ACTION ITEM: State the number of lines that hold "object" in the records below, with no other words.

********************

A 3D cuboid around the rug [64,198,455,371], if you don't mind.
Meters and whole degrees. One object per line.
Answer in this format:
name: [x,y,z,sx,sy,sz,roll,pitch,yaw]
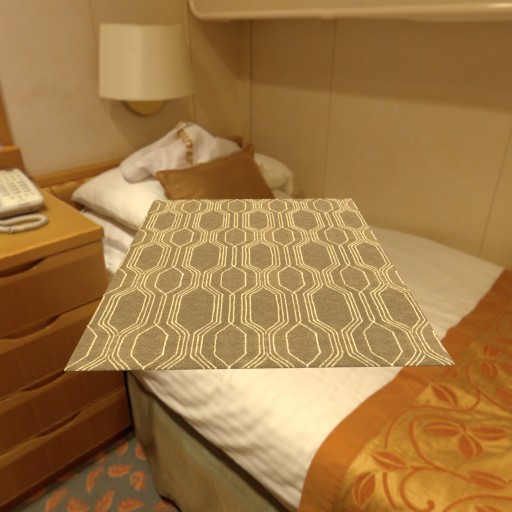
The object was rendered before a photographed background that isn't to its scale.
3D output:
rug: [0.000,0.000,4.138,2.457,0.012,3.062,-1,27,-1]

********************

YOUR SOLUTION: 2